* Material provided

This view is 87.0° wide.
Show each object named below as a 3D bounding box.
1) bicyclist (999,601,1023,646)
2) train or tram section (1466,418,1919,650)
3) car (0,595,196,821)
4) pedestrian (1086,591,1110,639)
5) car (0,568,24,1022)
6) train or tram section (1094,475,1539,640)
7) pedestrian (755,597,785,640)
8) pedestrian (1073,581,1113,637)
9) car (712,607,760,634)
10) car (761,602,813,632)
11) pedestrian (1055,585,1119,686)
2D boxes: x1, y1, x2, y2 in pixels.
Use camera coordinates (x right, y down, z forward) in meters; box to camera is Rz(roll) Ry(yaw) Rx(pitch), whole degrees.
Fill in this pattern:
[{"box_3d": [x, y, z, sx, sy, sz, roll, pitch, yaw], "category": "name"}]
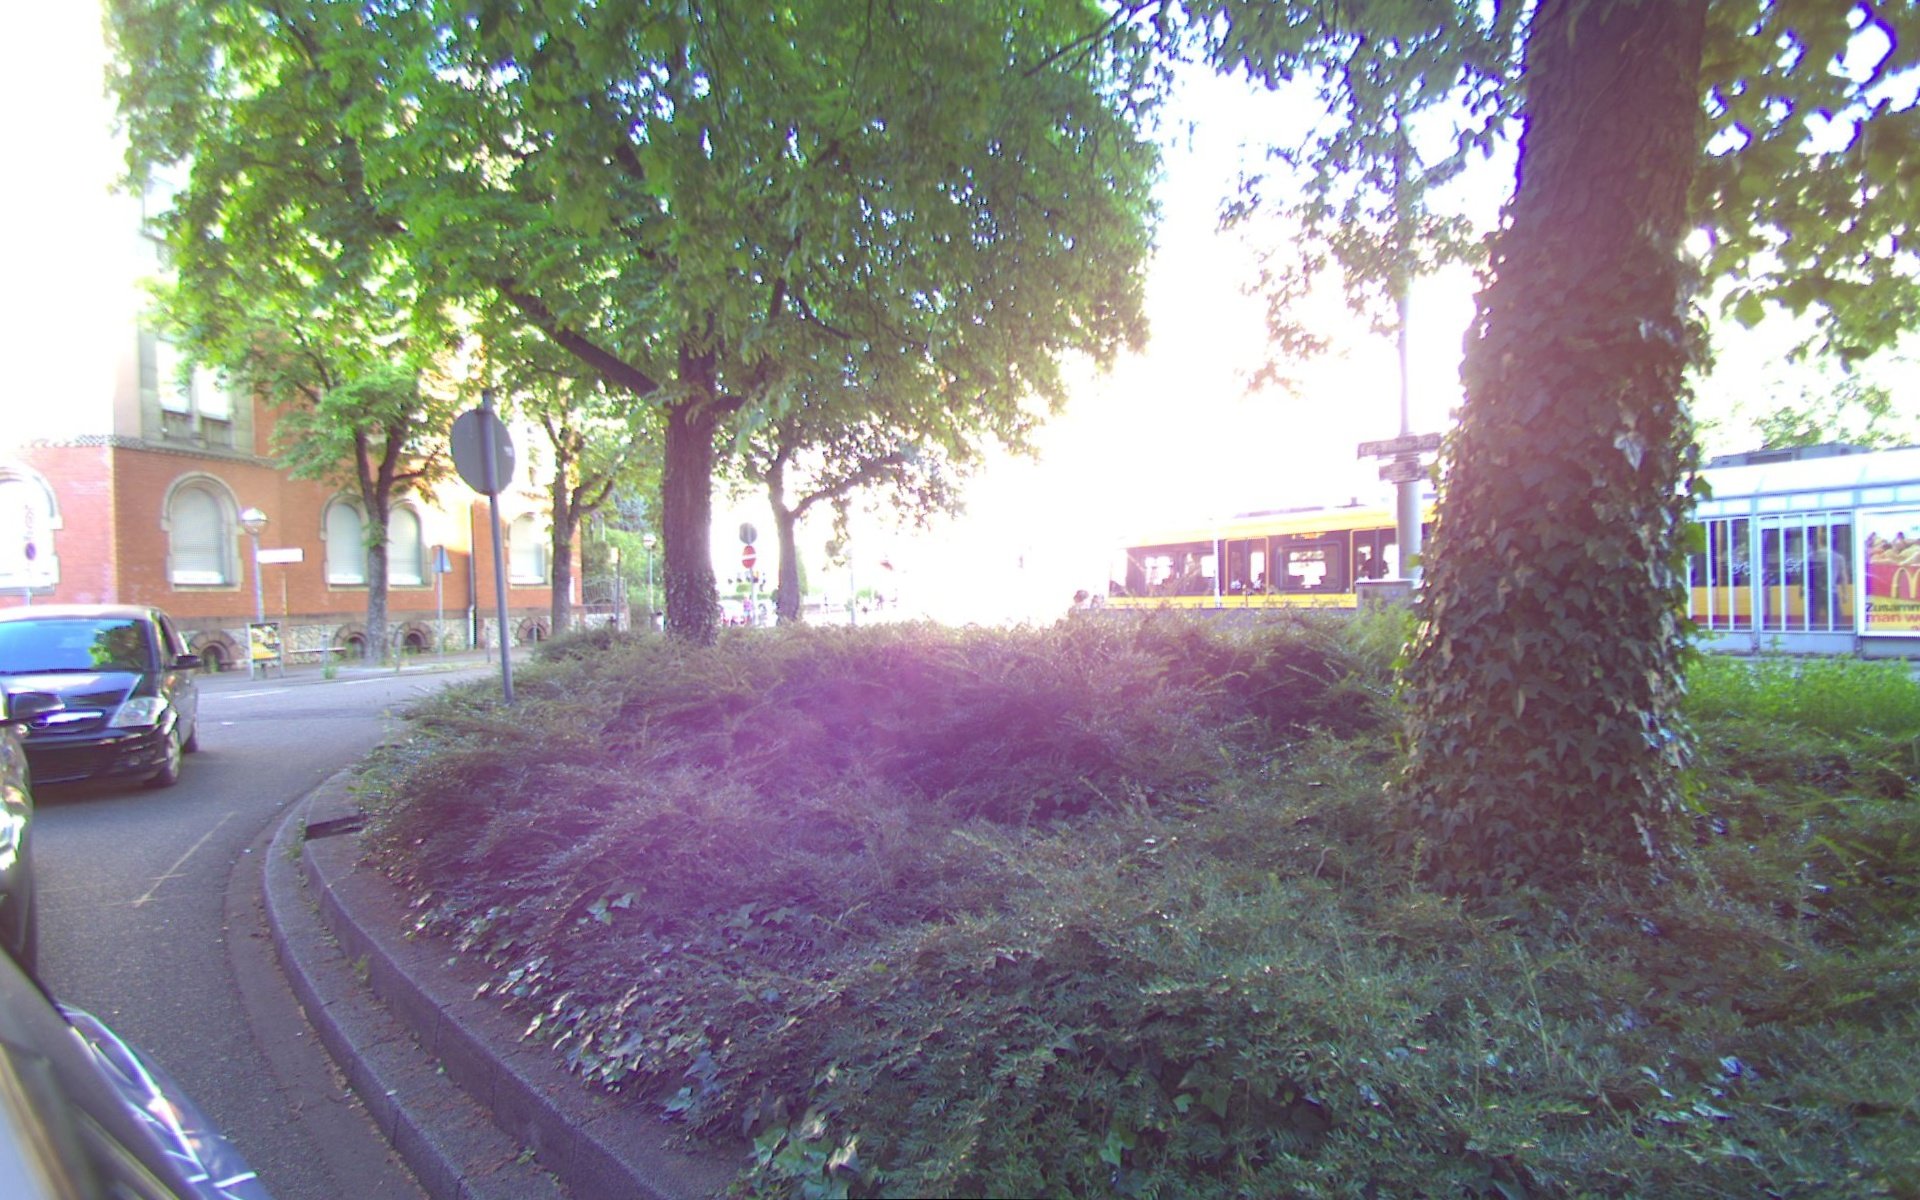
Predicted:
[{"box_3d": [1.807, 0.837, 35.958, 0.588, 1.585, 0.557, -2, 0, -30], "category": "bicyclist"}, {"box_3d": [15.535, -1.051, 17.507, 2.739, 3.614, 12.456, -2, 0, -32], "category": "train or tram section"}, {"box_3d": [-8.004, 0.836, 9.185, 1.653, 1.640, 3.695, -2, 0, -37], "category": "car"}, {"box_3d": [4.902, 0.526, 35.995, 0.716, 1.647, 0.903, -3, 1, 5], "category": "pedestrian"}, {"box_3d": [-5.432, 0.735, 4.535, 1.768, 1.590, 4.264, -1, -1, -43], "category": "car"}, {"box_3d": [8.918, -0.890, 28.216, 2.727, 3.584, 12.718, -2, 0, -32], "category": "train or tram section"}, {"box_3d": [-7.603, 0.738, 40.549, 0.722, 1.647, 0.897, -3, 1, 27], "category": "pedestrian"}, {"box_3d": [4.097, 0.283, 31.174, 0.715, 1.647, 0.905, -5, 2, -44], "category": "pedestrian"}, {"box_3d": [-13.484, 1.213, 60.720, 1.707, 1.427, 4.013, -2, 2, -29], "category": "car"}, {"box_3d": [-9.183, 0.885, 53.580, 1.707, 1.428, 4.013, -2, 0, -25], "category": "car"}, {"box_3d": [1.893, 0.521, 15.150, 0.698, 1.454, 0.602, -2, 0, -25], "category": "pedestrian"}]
* * *
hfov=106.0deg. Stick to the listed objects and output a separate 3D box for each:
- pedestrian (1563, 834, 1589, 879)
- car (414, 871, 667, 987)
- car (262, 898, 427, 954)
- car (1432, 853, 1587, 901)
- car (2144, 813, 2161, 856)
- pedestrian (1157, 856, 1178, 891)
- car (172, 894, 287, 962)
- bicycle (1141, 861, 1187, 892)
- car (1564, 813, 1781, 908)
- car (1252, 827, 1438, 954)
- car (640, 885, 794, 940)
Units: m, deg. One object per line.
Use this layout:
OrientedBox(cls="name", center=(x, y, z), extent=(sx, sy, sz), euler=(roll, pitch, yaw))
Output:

* Task requirements
For each line in the entries that holds "pitch", return that line.

* Problem solution
Use camera coordinates (x right, y down, z forward) in meters; box to camera is Rz(roll) Ry(yaw) Rx(pitch), whole degrees.
[{"box_3d": [x, y, z, sx, sy, sz, roll, pitch, yaw], "category": "name"}]
OrientedBox(cls="name", center=(x, y, z), extent=(sx, sy, sz), euler=(roll, pitch, yaw))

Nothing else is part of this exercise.